Organ transplant now is an amalgam of what nature does. Transplant existed long before I came into the field. You cool down an organ, you don’t profuse it, you put it on ice, and then your run it between cities. You have six hours for a heart, 18 hours for a kidney. There was an upper lethal limit where we couldn’t fix molecular problems caused by a cold human organ. Because cooling down hurt it, not perfusing it hurt it, and then not having any oxygen hurt it — then put oxygen back hurt it too.

Now they do what a marsupial or bear does. They hibernate, turn off all their metabolism, but stay warm. It’s way simpler. You don’t do cold stuff. You don’t have to protect your cells and membranes.

So why did they start cooling shit down in the first place? It’s logical. But by showing that it happens this warm way in nature, by showing that room temperature can be done in humans — boom, we’re good.

In terms of your lab’s focus, what’s the most important unanswered question?

Turning off an entire human. Now we’re trying to make that work on primate arms — but it’s not the same as the core of a human. Not the same as turning off human metabolism and living in some form of suspended animation. You’ve seen it in the movies, hanging from the ceiling in coma.
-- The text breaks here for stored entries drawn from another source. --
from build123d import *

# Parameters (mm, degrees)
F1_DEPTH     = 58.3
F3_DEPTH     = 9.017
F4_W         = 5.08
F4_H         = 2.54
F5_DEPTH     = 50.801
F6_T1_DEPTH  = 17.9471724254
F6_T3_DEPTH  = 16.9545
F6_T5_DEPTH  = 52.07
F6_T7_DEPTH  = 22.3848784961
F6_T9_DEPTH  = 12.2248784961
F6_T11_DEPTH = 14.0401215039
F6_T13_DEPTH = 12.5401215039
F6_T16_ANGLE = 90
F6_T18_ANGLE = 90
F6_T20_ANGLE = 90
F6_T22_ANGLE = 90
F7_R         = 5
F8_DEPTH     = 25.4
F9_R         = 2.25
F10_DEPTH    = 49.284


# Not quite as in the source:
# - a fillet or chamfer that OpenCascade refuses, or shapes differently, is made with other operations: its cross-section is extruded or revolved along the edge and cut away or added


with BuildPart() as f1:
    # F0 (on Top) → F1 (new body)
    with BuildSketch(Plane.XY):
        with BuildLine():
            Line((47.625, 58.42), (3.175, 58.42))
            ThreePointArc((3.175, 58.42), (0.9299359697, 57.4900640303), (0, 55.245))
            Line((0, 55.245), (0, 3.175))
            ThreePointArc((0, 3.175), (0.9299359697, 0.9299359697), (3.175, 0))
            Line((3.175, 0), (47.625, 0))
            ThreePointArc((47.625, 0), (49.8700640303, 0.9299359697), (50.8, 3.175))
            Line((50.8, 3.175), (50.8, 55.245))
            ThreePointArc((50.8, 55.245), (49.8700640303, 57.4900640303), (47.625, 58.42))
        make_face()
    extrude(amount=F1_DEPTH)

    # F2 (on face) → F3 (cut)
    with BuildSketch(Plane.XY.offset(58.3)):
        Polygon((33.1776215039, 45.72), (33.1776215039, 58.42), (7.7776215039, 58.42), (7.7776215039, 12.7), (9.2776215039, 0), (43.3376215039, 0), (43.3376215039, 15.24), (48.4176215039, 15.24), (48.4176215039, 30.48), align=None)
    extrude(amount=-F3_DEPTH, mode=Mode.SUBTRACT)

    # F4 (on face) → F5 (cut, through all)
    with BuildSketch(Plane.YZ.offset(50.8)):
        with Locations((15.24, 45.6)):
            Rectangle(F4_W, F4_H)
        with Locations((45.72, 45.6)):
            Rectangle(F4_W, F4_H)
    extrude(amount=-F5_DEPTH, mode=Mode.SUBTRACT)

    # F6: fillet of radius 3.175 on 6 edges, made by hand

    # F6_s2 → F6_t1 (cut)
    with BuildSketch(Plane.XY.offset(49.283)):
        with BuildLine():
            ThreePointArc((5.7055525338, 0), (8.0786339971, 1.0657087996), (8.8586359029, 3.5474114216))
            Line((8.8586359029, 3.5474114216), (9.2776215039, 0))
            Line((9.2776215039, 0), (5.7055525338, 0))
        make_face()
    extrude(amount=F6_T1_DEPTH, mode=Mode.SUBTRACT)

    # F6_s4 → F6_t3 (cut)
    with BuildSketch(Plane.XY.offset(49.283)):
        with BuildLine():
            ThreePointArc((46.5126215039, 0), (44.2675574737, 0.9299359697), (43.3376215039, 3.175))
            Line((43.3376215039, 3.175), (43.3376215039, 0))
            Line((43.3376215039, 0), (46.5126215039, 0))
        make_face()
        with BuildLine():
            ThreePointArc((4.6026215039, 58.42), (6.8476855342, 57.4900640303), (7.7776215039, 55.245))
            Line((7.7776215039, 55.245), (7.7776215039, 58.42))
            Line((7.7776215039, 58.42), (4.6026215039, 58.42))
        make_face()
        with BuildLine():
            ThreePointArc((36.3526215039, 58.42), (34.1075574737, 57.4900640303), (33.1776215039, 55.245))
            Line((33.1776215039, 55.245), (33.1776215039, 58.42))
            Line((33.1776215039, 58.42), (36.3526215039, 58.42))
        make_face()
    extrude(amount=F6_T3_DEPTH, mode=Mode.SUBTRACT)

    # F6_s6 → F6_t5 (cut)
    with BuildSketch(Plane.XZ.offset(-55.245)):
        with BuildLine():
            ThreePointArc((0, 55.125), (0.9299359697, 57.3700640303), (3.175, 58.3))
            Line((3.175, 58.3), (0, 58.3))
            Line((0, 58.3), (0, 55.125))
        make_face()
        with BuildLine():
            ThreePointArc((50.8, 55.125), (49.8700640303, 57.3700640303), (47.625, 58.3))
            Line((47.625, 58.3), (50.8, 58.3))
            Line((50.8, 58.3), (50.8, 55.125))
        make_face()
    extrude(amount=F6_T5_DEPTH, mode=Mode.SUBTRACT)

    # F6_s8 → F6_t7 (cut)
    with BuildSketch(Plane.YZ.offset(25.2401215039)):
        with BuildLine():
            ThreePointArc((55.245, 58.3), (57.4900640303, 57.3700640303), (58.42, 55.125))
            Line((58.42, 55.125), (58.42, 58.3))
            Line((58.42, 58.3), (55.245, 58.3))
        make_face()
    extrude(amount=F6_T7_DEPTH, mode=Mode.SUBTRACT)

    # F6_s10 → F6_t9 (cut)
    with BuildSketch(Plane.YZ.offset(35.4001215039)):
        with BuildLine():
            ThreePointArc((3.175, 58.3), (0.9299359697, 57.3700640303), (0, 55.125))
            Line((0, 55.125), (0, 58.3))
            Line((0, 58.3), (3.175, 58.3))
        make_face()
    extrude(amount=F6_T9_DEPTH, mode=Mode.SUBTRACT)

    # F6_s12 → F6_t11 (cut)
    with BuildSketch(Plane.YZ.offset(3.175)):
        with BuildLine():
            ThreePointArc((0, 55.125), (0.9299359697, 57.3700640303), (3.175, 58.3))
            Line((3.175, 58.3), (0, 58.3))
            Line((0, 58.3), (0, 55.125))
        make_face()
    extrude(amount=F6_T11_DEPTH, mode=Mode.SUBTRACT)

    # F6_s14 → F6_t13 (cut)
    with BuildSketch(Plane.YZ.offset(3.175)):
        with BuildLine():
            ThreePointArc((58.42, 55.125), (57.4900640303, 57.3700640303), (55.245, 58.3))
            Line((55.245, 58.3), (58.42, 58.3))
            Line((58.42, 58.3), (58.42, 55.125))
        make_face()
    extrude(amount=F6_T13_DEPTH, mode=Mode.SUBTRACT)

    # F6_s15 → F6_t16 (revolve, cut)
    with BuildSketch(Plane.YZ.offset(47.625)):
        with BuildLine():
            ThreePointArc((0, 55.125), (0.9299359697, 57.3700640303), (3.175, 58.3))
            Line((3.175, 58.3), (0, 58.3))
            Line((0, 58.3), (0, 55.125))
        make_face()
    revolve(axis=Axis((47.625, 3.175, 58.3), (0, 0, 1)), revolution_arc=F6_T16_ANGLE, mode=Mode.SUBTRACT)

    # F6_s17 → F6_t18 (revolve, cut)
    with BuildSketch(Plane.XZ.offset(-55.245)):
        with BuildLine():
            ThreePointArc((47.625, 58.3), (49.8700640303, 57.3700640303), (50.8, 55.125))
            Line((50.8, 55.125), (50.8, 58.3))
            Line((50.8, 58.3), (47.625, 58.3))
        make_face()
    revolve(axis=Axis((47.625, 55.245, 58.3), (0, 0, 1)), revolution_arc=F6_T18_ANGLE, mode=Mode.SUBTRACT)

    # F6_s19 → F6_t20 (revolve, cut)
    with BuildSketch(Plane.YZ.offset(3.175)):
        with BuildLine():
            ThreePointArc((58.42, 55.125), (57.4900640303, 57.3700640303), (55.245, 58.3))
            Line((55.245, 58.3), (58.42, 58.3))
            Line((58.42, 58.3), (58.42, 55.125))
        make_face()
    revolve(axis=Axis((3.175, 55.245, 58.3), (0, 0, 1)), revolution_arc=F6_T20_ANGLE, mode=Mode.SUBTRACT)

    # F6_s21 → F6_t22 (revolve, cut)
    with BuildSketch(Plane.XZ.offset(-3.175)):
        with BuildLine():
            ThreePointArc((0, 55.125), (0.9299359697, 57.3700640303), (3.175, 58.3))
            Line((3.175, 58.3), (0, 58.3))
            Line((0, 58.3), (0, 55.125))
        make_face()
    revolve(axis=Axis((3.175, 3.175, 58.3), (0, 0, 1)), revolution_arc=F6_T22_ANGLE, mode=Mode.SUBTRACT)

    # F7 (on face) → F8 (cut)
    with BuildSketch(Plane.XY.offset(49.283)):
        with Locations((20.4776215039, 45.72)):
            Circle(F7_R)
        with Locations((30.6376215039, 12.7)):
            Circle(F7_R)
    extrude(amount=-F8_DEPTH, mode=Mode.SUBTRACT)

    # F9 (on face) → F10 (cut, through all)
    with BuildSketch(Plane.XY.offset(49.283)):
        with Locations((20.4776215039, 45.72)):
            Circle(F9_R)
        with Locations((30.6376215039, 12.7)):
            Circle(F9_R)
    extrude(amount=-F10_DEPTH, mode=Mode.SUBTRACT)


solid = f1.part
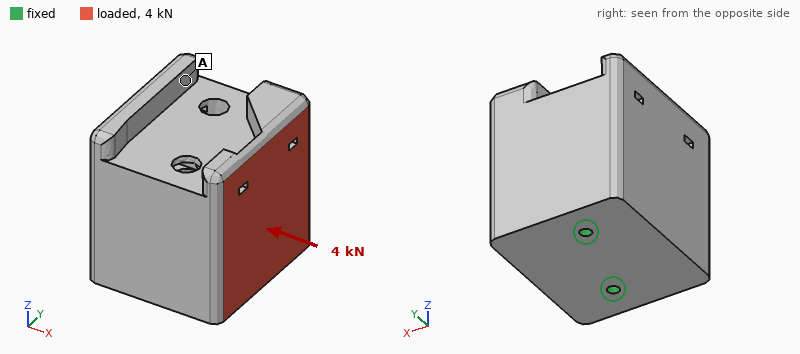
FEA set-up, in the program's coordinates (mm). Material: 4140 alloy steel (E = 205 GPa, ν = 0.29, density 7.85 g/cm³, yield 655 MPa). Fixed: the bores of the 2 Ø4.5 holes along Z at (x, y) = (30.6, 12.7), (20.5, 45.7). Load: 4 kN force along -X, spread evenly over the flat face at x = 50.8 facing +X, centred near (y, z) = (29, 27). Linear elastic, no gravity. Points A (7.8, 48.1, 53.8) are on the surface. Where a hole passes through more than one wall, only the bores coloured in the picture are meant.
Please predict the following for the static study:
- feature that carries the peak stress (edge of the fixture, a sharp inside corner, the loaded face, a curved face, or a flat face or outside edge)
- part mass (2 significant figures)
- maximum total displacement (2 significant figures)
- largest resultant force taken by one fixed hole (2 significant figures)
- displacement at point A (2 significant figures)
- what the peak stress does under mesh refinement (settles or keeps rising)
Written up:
edge of the fixture
1.2 kg
4.4 µm
2.0 kN
2.5 µm
keeps rising
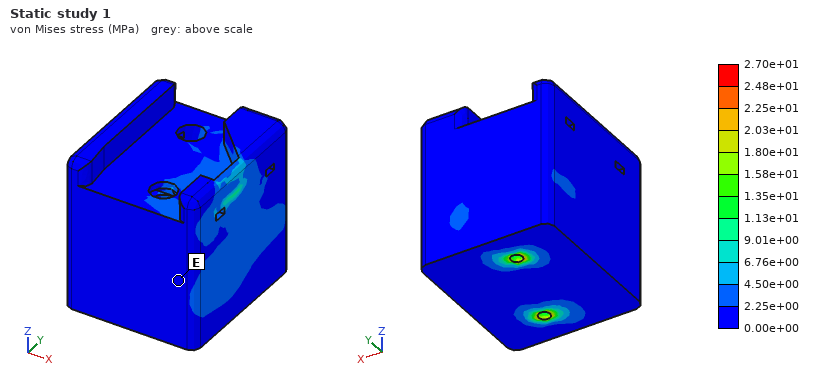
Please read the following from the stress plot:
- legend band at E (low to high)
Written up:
0.00e+00 to 2.25e+00 MPa
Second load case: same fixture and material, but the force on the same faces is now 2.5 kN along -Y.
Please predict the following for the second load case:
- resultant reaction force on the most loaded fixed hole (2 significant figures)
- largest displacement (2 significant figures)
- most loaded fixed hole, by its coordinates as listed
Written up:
2.5 kN
1.8 µm
(30.6, 12.7)
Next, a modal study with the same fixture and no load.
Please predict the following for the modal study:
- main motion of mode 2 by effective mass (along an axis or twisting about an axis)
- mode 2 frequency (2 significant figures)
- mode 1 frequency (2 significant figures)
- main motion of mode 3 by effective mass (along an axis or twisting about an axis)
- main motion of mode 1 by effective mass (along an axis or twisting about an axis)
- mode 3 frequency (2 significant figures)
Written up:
along Y
10 kHz
6000 Hz
twisting about Z
along X
13 kHz

It is hella difficult.

It’s one of the things that’s going to become limiting in all these “go to the stars” plans. Let’s let Elon musk build a ship. It’s not that they’re focusing on the wrong things. Its significantly difficult to get huge hunk of metal off planet. But in all of their tales, they have these pods that humans are going to live in in suspended animation so we can make it to Alpha Centauri.

The correct answer is, no, that is not going to happen. There is currently no mechanism that allow that to happen. We wanna go from here to there, but there is no mechanism to do it. There is no known path. So you try to break trail and see if there are other paths.

Recent Studies from the Storey Lab

The implications of applying natural molecular mechanisms to organ transplant techniques.

A look at the biochemical adaptations that allow freeze tolerance in nature.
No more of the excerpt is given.